Die Klägerin sei dem Vorbringen der Beklagten zu ihren Arbeitsaufgaben nicht im Einzelnen
entgegengetreten, so dass feststehe, dass sie im Bereich der ihr zugewiesenen Tätigkeiten im Bereich der
Jugendhilfe und Erziehungshilfe nicht nur einen, auf ein Arbeitsergebnis gerichteten Arbeitsvorgang
erledige, sondern vielmehr neben den Schutzmaßnahmen auch Fördermaßnahmen durchzuführen seien.
Das genannte Urteil ist der Klägerin am 13.09.2010 zugestellt worden. Sie hat hiergegen mit einem am
05.10.2010 beim Landesarbeitsgericht eingegangenem Schriftsatz Berufung eingelegt und diese
innerhalb der mit Beschluss vom 15.11.2010 bis zum 14.12.2010 verlängerten Berufungsbegründungsfrist
mit Schriftsatz vom 13.12.2010, beim Landesarbeitsgericht am gleichen Tag eingegangen, begründet.
Nach Maßgabe des genannten Schriftsatzes, auf den wegen der Einzelheiten ergänzend Bezug
genommen wird (Bl. 78 ff. d.A.), macht die Klägerin zur Begründung ihrer Berufung im Wesentlichen
geltend:
Ihre Aufgaben seien als einheitlich zu bewertende, dem Wohl und Schutz des Kindes dienende
Gesamttätigkeit zu werten und stellten einen Arbeitsvorgang dar. Eine Differenzierung in unterschiedliche
tarifliche Wertigkeiten sei nicht möglich, weil der Verlauf einer Betreuung bei ihrem Beginn nicht absehbar
sei und sich der Schwierigkeitsgrad der Aufgaben im Laufe der Betreuung erheblich ändern könne.

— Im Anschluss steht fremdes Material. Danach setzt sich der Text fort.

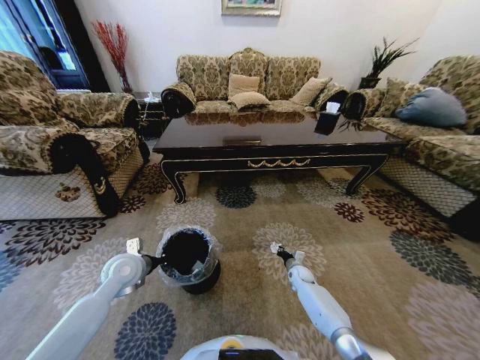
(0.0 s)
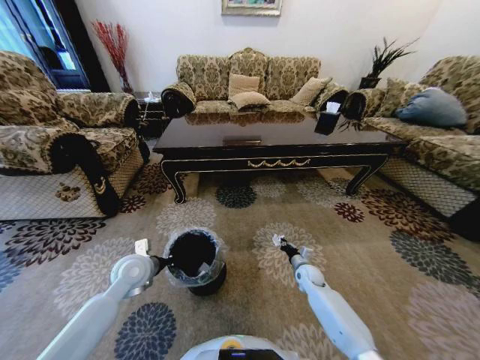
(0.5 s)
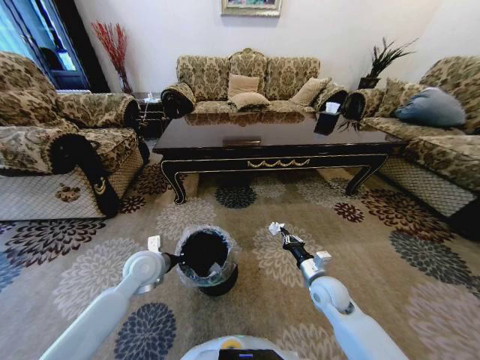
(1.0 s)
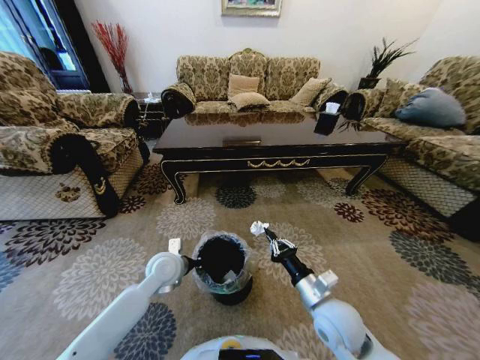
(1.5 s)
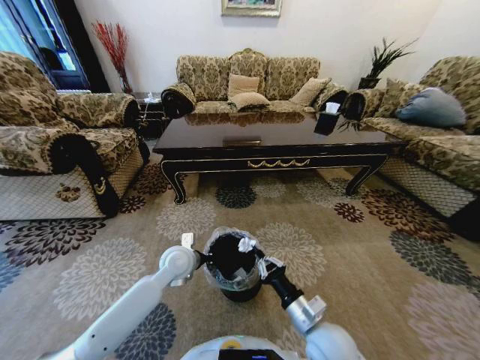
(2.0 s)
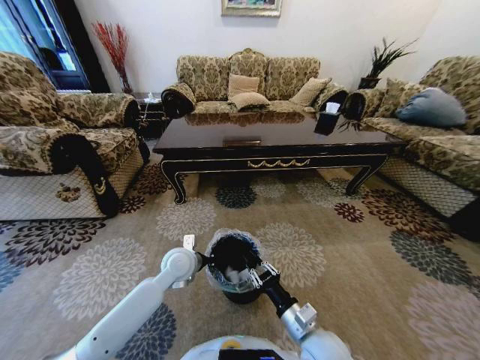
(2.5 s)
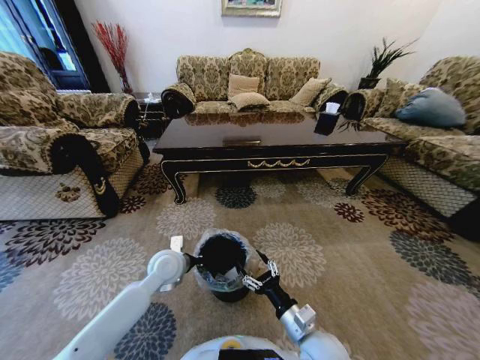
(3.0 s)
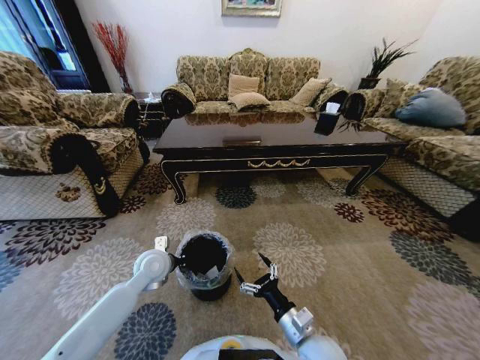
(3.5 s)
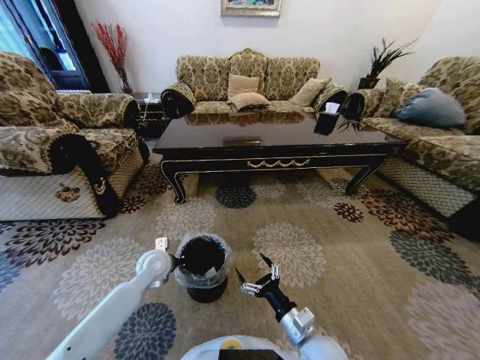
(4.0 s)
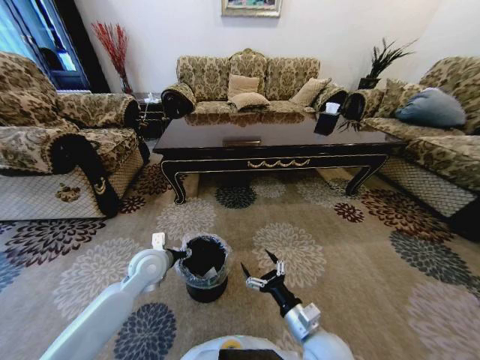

Entgeltgruppe S 14 enthalte ein auf dem Tätigkeitsmerkmal der Entgeltgruppe S 11 aufbauendes
Heraushebungsmerkmal, so dass ausreiche, dass dieses Heraushebungsmerkmal in einem deutlich
wahrnehmbaren Ausmaß anfalle. Dies entspreche der Auffassung der Tarifvertragsparteien.
Die Klägerin beantragt,
das Urteil des Arbeitsgerichts Koblenz vom 19.08.2010 - 10 Ca 971/10 - abzuändern und festzustellen,
dass die Klägerin seit dem 01.11.2009 in der Entgeltgruppe S 14 des Besonderen Teils - Verwaltung bzw.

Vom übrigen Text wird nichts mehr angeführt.